Okay, if it's not abs. convergent, but convergent otherwise, it's conditionally convergent. If it's not convergent for either, it's divergent. We've shown it's convergent as is, now we show that it is divergent for |ak|...it will therefore be conditionally convergent.

Answer 79

You can use the integral test for the absolute case.

Answer 80

remember when I said that ak = swrt(k)/k+1 and bk = 1/sqrt(k)?

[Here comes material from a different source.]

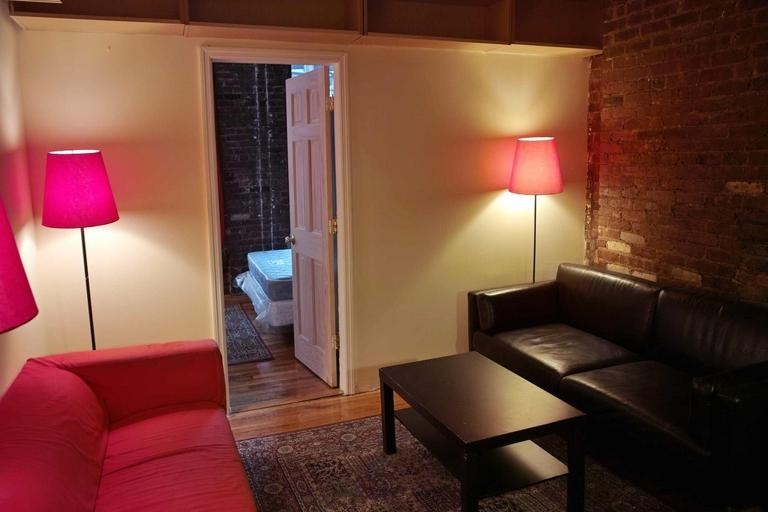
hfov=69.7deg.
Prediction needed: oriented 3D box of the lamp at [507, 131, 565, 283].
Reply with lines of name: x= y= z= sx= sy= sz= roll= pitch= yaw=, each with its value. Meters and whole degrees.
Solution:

bk is divergent as p-series, 1/2 < 1 so it's divergent, but ak is convergent, so it's conditionally convergent?

Answer 81

why integral test? we use the integral test if we face exponentials and etc

Answer 82

nah, it won't work, it's either both converge, or both diverge

Answer 83

have mercy T_T

Answer 84

hold on, can't we use root test? ^_^

Answer 85

You can use limit comparison, with what you have. I got limit =1. It's greater than zero and finite, and since 1/sqrt(k) is divergent, |ak| is divergent too.

Answer 86

but ak is convergent, so that's why it's conditonally convergent!

Answer 87

LOKI, you're a genius LOL

Answer 88

You're finished.

1) Limit comparison using 1/sqrt{k} to show |ak| divergent
2) Alternating series to show ak is convergent
3) Therefore, the series is conditionally convergent.

Answer 89

o_o why use both ways?

Answer 90

you were right just now >_<

Answer 91

abt the limit comparison test lol

Answer 92

You have to use both ways. Don't type anything until I've finished...

Answer 93

okay, I'll behave ._.

Answer 94

Absolute convergence is a stronger deal than conditional convergence.

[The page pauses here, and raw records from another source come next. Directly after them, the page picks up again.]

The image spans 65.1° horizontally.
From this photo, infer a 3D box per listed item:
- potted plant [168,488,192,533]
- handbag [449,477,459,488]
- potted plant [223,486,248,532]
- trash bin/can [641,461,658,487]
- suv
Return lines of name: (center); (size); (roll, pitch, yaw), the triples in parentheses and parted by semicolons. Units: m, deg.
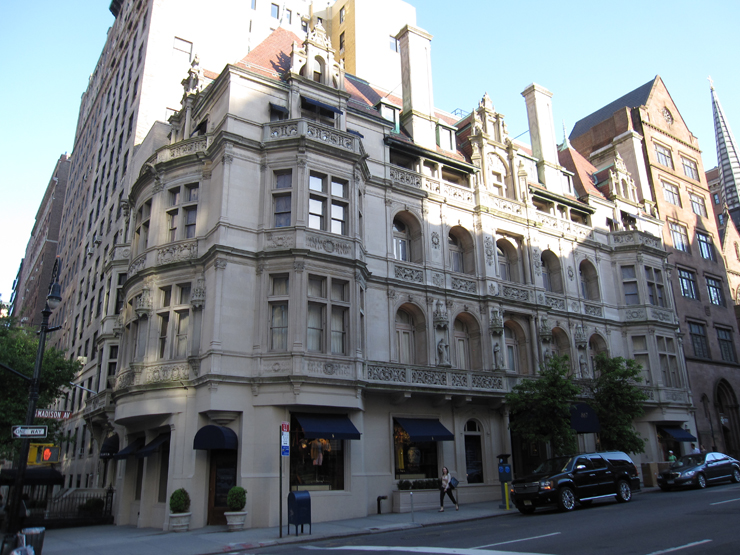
potted plant: (-9.144, 11.133, 27.722); (1.020, 1.905, 0.969); (0, -21, -7)
handbag: (4.539, 11.161, 31.459); (0.386, 0.507, 1.198); (-8, -22, 13)
potted plant: (-6.242, 10.789, 27.043); (0.962, 1.936, 1.085); (2, -21, -13)
trash bin/can: (18.412, 12.934, 37.970); (1.350, 1.473, 0.685); (10, -24, -30)
suv: (10.442, 10.283, 29.202); (7.529, 2.712, 2.531); (10, -25, -31)

If a series is absolutely convergent, it is conditionally convergent. So abs. conv. is a *sufficient* condition to show convergence.

If a series is not absolutely convergent, it doesn't mean it is necessary divergent. It may still be convergent. If it is, and does not have absolute convergence, you have *conditional convergence*.

So people attack these problems first by looking for absolute convergence...why? Because the tests are easy and abs. convergence guarantees the other convergence.

If it isn't abs. convergent, you STILL have to check for convergence.

Answer 95

You can write now :D

Answer 96

so, you're saying that absolute convergence = conditional convergence?

Answer 97

= convergence?

Answer 98

yes